第10話 ゆうやけ

 ふと、私は文字列から顔を上げた。


 今、呼ばれたろうか。

 

 ふと見れば、私が通った後は本で埋まっている。

 本棚に掴まって立ち上がると、周囲の本を踏まないように慎重に足をずらして空いている方へ進んだ。

 ちょうどこの本棚の真ん中あたりまで来たところだったので、反対側から脱出すればいい。


 つかまり歩きとも言えないようなそれで、じりじり棚の端まで行って顔を覗かせた途端、思い切り上に引っ張り上げられた。

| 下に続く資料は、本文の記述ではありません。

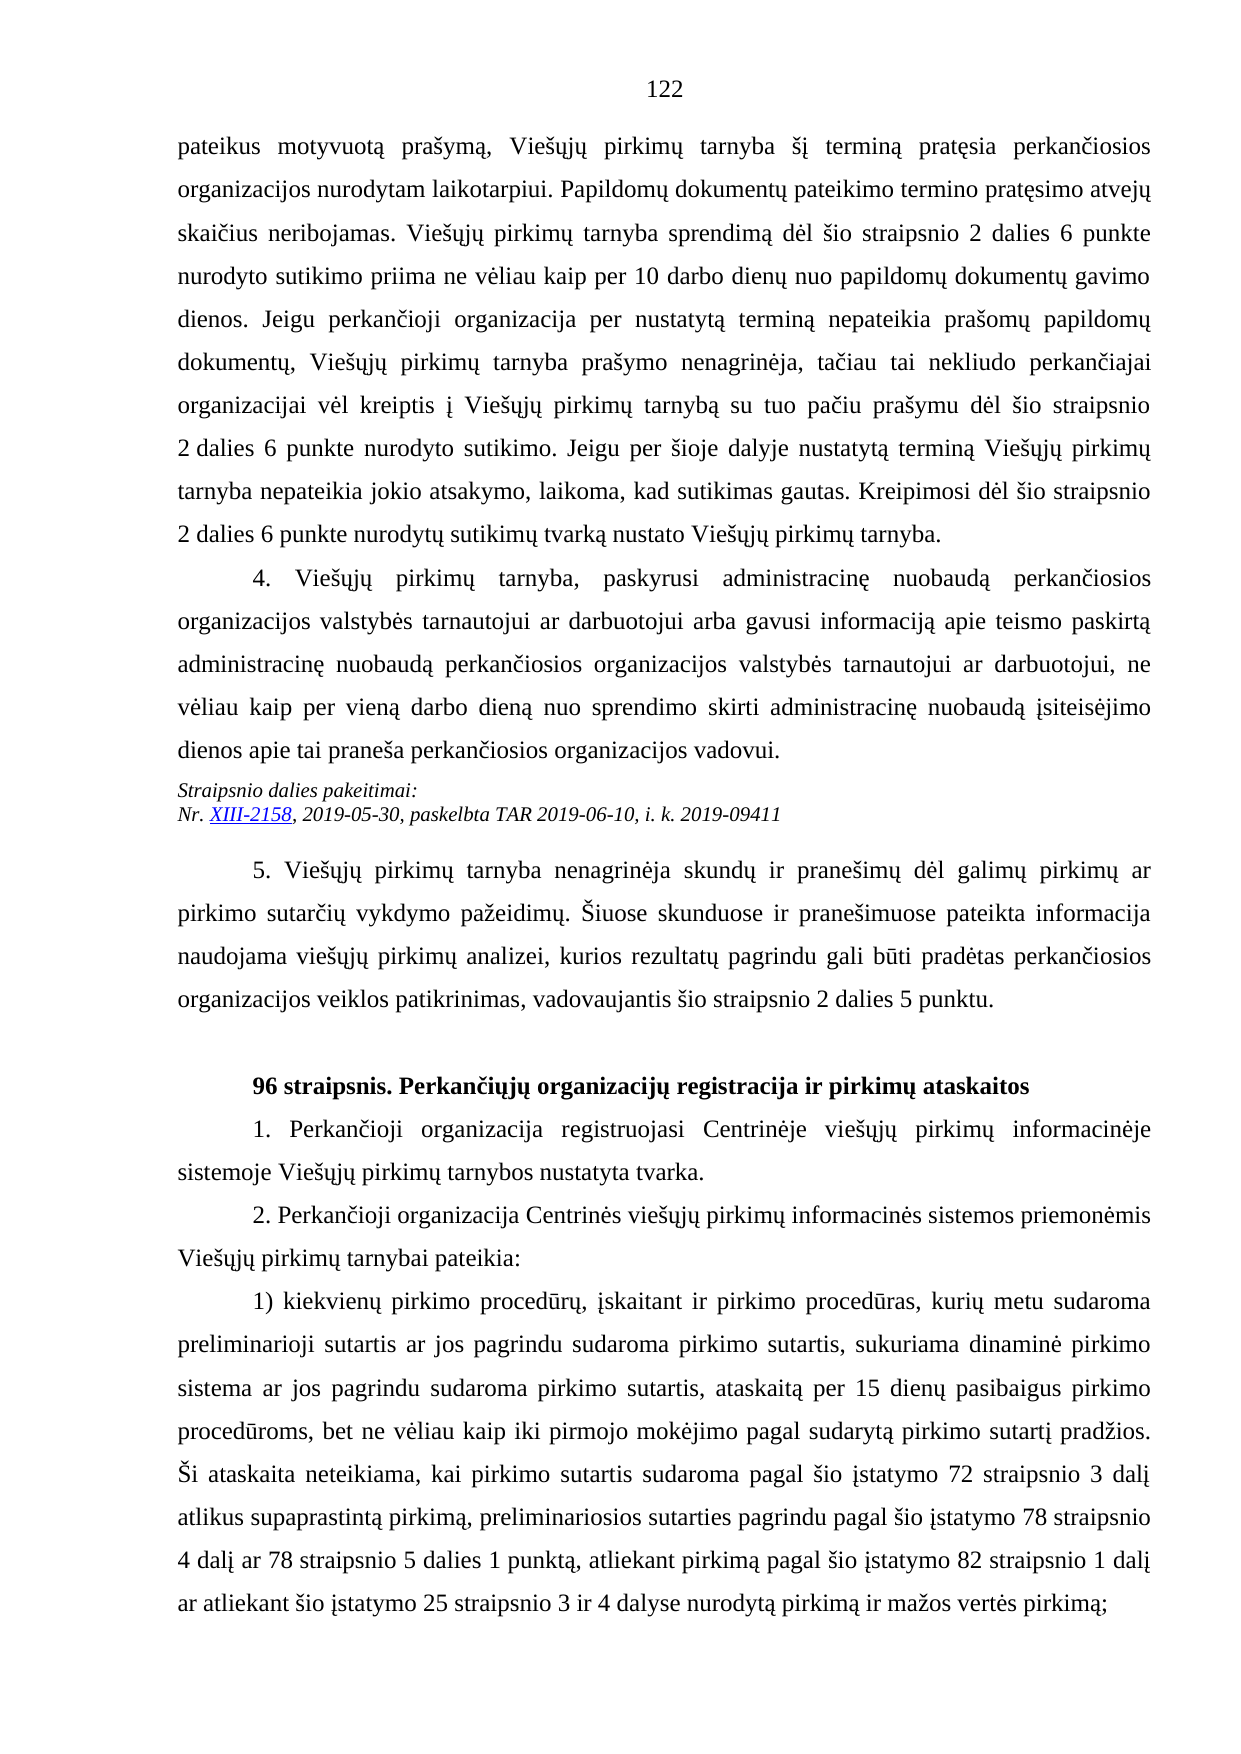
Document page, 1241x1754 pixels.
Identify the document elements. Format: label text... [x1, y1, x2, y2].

text Nr. XIII-2158, 2019-05-30, paskelbta TAR 2019-06-10, i. k. 2019-09411 [177, 802, 1152, 826]
text 96 straipsnis. Perkančiųjų organizacijų registracija ir pirkimų ataskaitos [177, 1071, 1152, 1099]
text 1) kiekvienų pirkimo procedūrų, įskaitant ir pirkimo procedūras, kurių metu sudaroma preliminarioji sutartis ar jos pagrindu sudaroma pirkimo sutartis, sukuriama dinaminė pirkimo sistema ar jos pagrindu sudaroma pirkimo sutartis, ataskaitą per 15 dienų pasibaigus pirkimo procedūroms, bet ne vėliau kaip iki pirmojo mokėjimo pagal sudarytą pirkimo sutartį pradžios. Ši ataskaita neteikiama, kai pirkimo sutartis sudaroma pagal šio įstatymo 72 straipsnio 3 dalį atlikus supaprastintą pirkimą, preliminariosios sutarties pagrindu pagal šio įstatymo 78 straipsnio 4 dalį ar 78 straipsnio 5 dalies 1 punktą, atliekant pirkimą pagal šio įstatymo 82 straipsnio 1 dalį ar atliekant šio įstatymo 25 straipsnio 3 ir 4 dalyse nurodytą pirkimą ir mažos vertės pirkimą; [177, 1286, 1152, 1617]
text 5. Viešųjų pirkimų tarnyba nenagrinėja skundų ir pranešimų dėl galimų pirkimų ar pirkimo sutarčių vykdymo pažeidimų. Šiuose skunduose ir pranešimuose pateikta informacija naudojama viešųjų pirkimų analizei, kurios rezultatų pagrindu gali būti pradėtas perkančiosios organizacijos veiklos patikrinimas, vadovaujantis šio straipsnio 2 dalies 5 punktu. [177, 855, 1152, 1013]
text 1. Perkančioji organizacija registruojasi Centrinėje viešųjų pirkimų informacinėje sistemoje Viešųjų pirkimų tarnybos nustatyta tvarka. [177, 1114, 1152, 1186]
text 4. Viešųjų pirkimų tarnyba, paskyrusi administracinę nuobaudą perkančiosios organizacijos valstybės tarnautojui ar darbuotojui arba gavusi informaciją apie teismo paskirtą administracinę nuobaudą perkančiosios organizacijos valstybės tarnautojui ar darbuotojui, ne vėliau kaip per vieną darbo dieną nuo sprendimo skirti administracinę nuobaudą įsiteisėjimo dienos apie tai praneša perkančiosios organizacijos vadovui. [177, 563, 1152, 764]
text Straipsnio dalies pakeitimai: [177, 778, 1152, 802]
text pateikus motyvuotą prašymą, Viešųjų pirkimų tarnyba šį terminą pratęsia perkančiosios organizacijos nurodytam laikotarpiui. Papildomų dokumentų pateikimo termino pratęsimo atvejų skaičius neribojamas. Viešųjų pirkimų tarnyba sprendimą dėl šio straipsnio 2 dalies 6 punkte nurodyto sutikimo priima ne vėliau kaip per 10 darbo dienų nuo papildomų dokumentų gavimo dienos. Jeigu perkančioji organizacija per nustatytą terminą nepateikia prašomų papildomų dokumentų, Viešųjų pirkimų tarnyba prašymo nenagrinėja, tačiau tai nekliudo perkančiajai organizacijai vėl kreiptis į Viešųjų pirkimų tarnybą su tuo pačiu prašymu dėl šio straipsnio 2 dalies 6 punkte nurodyto sutikimo. Jeigu per šioje dalyje nustatytą terminą Viešųjų pirkimų tarnyba nepateikia jokio atsakymo, laikoma, kad sutikimas gautas. Kreipimosi dėl šio straipsnio 2 dalies 6 punkte nurodytų sutikimų tvarką nustato Viešųjų pirkimų tarnyba. [177, 131, 1152, 548]
text 2. Perkančioji organizacija Centrinės viešųjų pirkimų informacinės sistemos priemonėmis Viešųjų pirkimų tarnybai pateikia: [177, 1200, 1152, 1272]
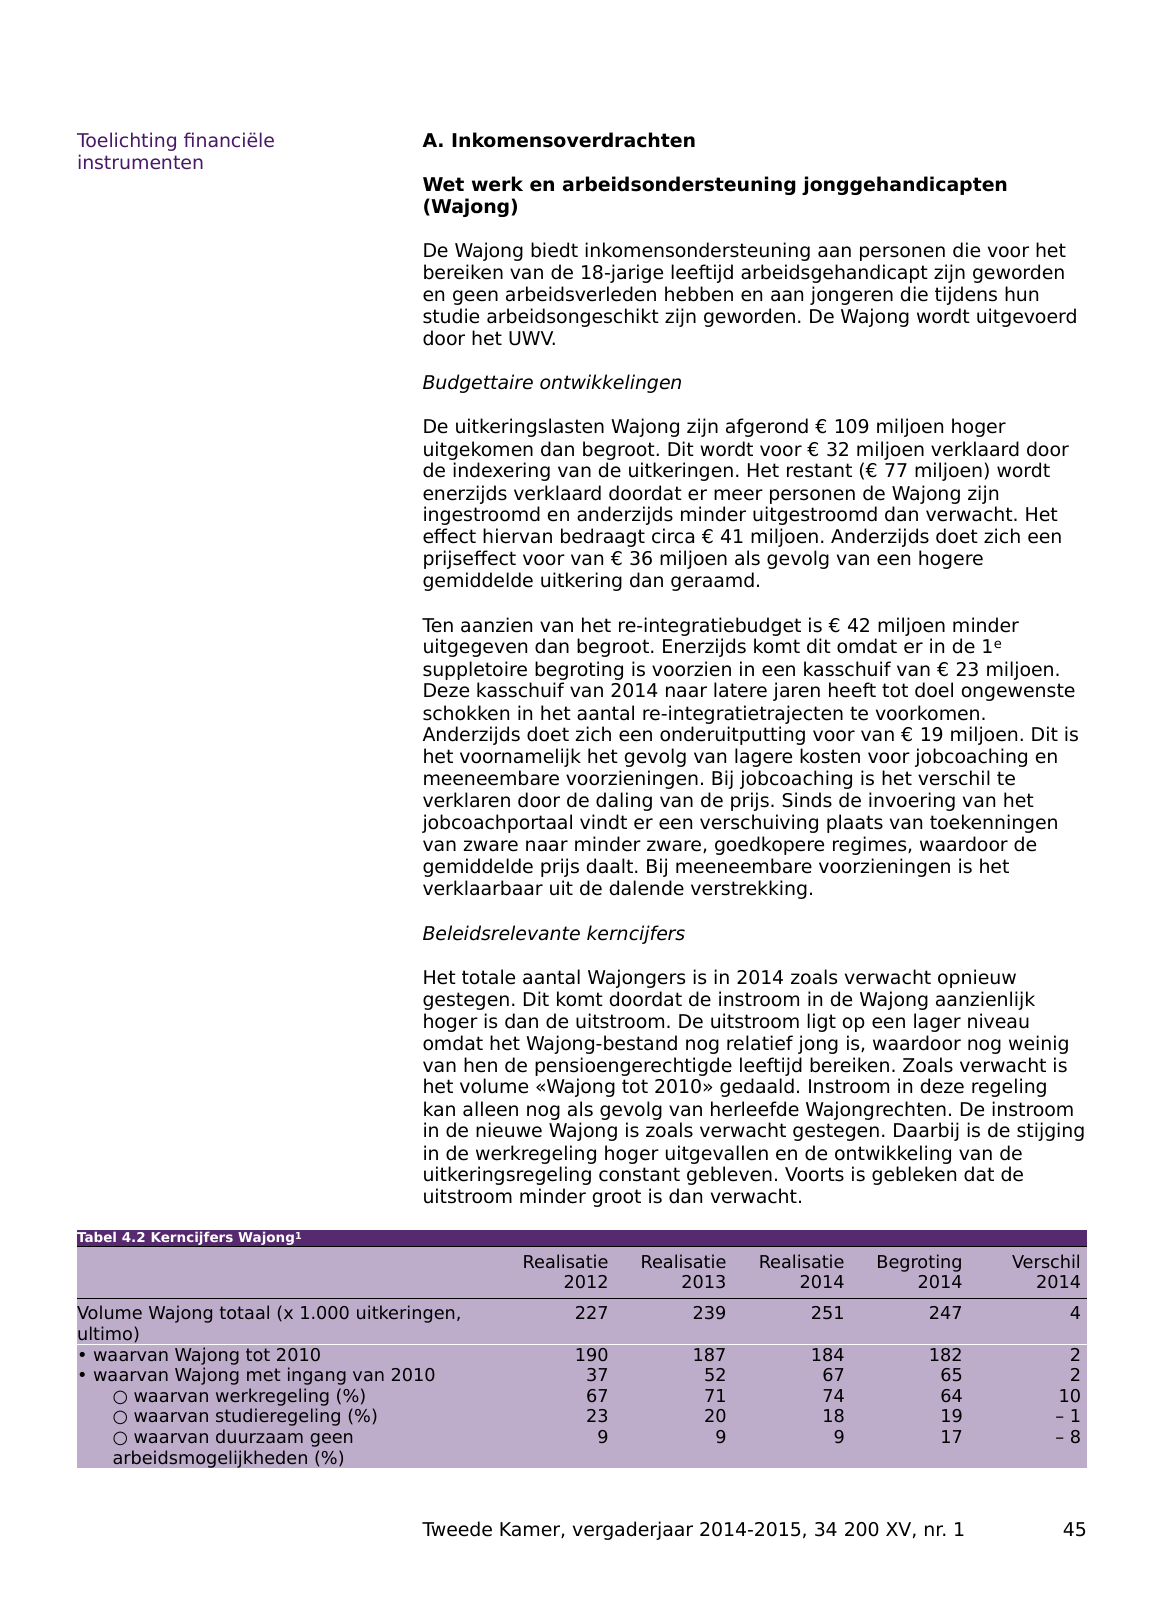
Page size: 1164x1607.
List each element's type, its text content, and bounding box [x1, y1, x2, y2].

table_cell 19 [850, 1406, 968, 1427]
text De Wajong biedt inkomensondersteuning aan personen die voor het bereiken van de 18-jarige leeftijd arbeidsgehandicapt zijn geworden en geen arbeidsverleden hebben en aan jongeren die tijdens hun studie arbeidsongeschikt zijn geworden. De Wajong wordt uitgevoerd door het UWV. [422, 240, 1087, 350]
table_cell ○ waarvan studieregeling (%) [106, 1406, 496, 1427]
table_cell Realisatie 2012 [496, 1247, 614, 1298]
table_cell 227 [496, 1299, 614, 1344]
table_header Tabel 4.2 Kerncijfers Wajong1 [77, 1230, 1087, 1246]
subtitle Beleidsrelevante kerncijfers [422, 922, 1087, 944]
table_cell Volume Wajong totaal (x 1.000 uitkeringen, ultimo) [77, 1299, 496, 1344]
text Ten aanzien van het re-integratiebudget is € 42 miljoen minder uitgegeven dan begroot. Enerzijds komt dit omdat er in de 1e suppletoire begroting is voorzien in een kasschuif van € 23 miljoen. Deze kasschuif van 2014 naar latere jaren heeft tot doel ongewenste schokken in het aantal re-integratietrajecten te voorkomen. Anderzijds doet zich een onderuitputting voor van € 19 miljoen. Dit is het voornamelijk het gevolg van lagere kosten voor jobcoaching en meeneembare voorzieningen. Bij jobcoaching is het verschil te verklaren door de daling van de prijs. Sinds de invoering van het jobcoachportaal vindt er een verschuiving plaats van toekenningen van zware naar minder zware, goedkopere regimes, waardoor de gemiddelde prijs daalt. Bij meeneembare voorzieningen is het verklaarbaar uit de dalende verstrekking. [422, 614, 1087, 900]
table_cell 9 [732, 1427, 850, 1468]
table_cell [77, 1386, 106, 1406]
table_cell • waarvan Wajong met ingang van 2010 [77, 1365, 496, 1386]
table_cell 10 [969, 1386, 1087, 1406]
table_cell [77, 1406, 106, 1427]
table_cell 9 [614, 1427, 732, 1468]
table_cell 2 [969, 1365, 1087, 1386]
table_cell Begroting 2014 [850, 1247, 968, 1298]
table_cell [106, 1247, 496, 1298]
table_cell [77, 1427, 106, 1468]
table_cell [77, 1247, 106, 1298]
table_cell 64 [850, 1386, 968, 1406]
table_cell ○ waarvan werkregeling (%) [106, 1386, 496, 1406]
table_cell 190 [496, 1345, 614, 1365]
table_cell – 8 [969, 1427, 1087, 1468]
text De uitkeringslasten Wajong zijn afgerond € 109 miljoen hoger uitgekomen dan begroot. Dit wordt voor € 32 miljoen verklaard door de indexering van de uitkeringen. Het restant (€ 77 miljoen) wordt enerzijds verklaard doordat er meer personen de Wajong zijn ingestroomd en anderzijds minder uitgestroomd dan verwacht. Het effect hiervan bedraagt circa € 41 miljoen. Anderzijds doet zich een prijseffect voor van € 36 miljoen als gevolg van een hogere gemiddelde uitkering dan geraamd. [422, 416, 1087, 592]
subtitle Wet werk en arbeidsondersteuning jonggehandicapten (Wajong) [422, 174, 1087, 218]
table_cell 2 [969, 1345, 1087, 1365]
table_cell Verschil 2014 [969, 1247, 1087, 1298]
table_cell 18 [732, 1406, 850, 1427]
table_cell – 1 [969, 1406, 1087, 1427]
table_cell 247 [850, 1299, 968, 1344]
table_cell ○ waarvan duurzaam geen arbeidsmogelijkheden (%) [106, 1427, 496, 1468]
table_cell Realisatie 2013 [614, 1247, 732, 1298]
table_cell 67 [732, 1365, 850, 1386]
table_cell 184 [732, 1345, 850, 1365]
table_cell 23 [496, 1406, 614, 1427]
table_cell 4 [969, 1299, 1087, 1344]
table_cell 65 [850, 1365, 968, 1386]
table_cell 67 [496, 1386, 614, 1406]
table_cell 239 [614, 1299, 732, 1344]
table_cell 182 [850, 1345, 968, 1365]
subtitle A. Inkomensoverdrachten [422, 130, 1087, 152]
table_cell 20 [614, 1406, 732, 1427]
text Het totale aantal Wajongers is in 2014 zoals verwacht opnieuw gestegen. Dit komt doordat de instroom in de Wajong aanzienlijk hoger is dan de uitstroom. De uitstroom ligt op een lager niveau omdat het Wajong-bestand nog relatief jong is, waardoor nog weinig van hen de pensioengerechtigde leeftijd bereiken. Zoals verwacht is het volume «Wajong tot 2010» gedaald. Instroom in deze regeling kan alleen nog als gevolg van herleefde Wajongrechten. De instroom in de nieuwe Wajong is zoals verwacht gestegen. Daarbij is de stijging in de werkregeling hoger uitgevallen en de ontwikkeling van de uitkeringsregeling constant gebleven. Voorts is gebleken dat de uitstroom minder groot is dan verwacht. [422, 967, 1087, 1208]
table_cell • waarvan Wajong tot 2010 [77, 1345, 496, 1365]
table_cell 37 [496, 1365, 614, 1386]
table_cell Realisatie 2014 [732, 1247, 850, 1298]
table_cell 71 [614, 1386, 732, 1406]
table_cell 9 [496, 1427, 614, 1468]
table_cell 251 [732, 1299, 850, 1344]
text Toelichting financiële instrumenten [77, 130, 399, 174]
table_cell 52 [614, 1365, 732, 1386]
table_cell 17 [850, 1427, 968, 1468]
subtitle Budgettaire ontwikkelingen [422, 372, 1087, 394]
table_cell 74 [732, 1386, 850, 1406]
table_cell 187 [614, 1345, 732, 1365]

「馬鹿野郎っ! 待ってろって――ああ、そうか、言っても分かんねえのか。攫われたかと……」


 私の心臓が、どくりと音を立てた。

 これが、リトの言葉。


「あーくそ! 無駄に心配した!」


 分かる……ちゃんと理解できる。

 私の中に、急に血が通い始めたような気がした。

 体が、熱くなってくる。


 ぎゅうぎゅう締め付ける腕を叩いて、頭をもたせかけるように見上げた。


「りと、らいじょうぶ。わかいましゅ。りゅーはこちょば、わかいましゅ」


 リトは、笑うだろうか。驚くだろうか。

 私の胸が、そわそわと跳ね回っている。


「は?! え、なんでお前言葉を……?!」


 勢いよく顔を上げたリトが、銀色の瞳をまん丸にした。


「わたちのこちょば、わかいましゅか?」

「――っ!」


 声もなく私を見つめ、次いでリトは激しく頷いた。

 ――伝わった。

 しびび、と歓喜の震えが全身を巡る。


 リトの言葉が分かる。発した言葉を分かってもらえる。

 コミュニケ―ションが取れる。


 この見知らぬ世界は、今、初めて私の世界になった。




「なんで、お前、一体どうやって――っつうか何だこの有様?!」


 リトは、今になって足下に山と散乱する本に気付いたようで、私の顔と本を見比べて目を丸くしている。


「ほん、たくしゃんでがくしゅうちまちた」


 発声機能の未熟さをもどかしく思いつつ、リトを見上げた。


「いやいや、そんなわけあるかよ!」

「リトアスさん!」


 リトアス? もしや、リトのことだろうか。聞き覚えのない声に首を巡らせると、小さな老齢女性がこちらを見上げていた。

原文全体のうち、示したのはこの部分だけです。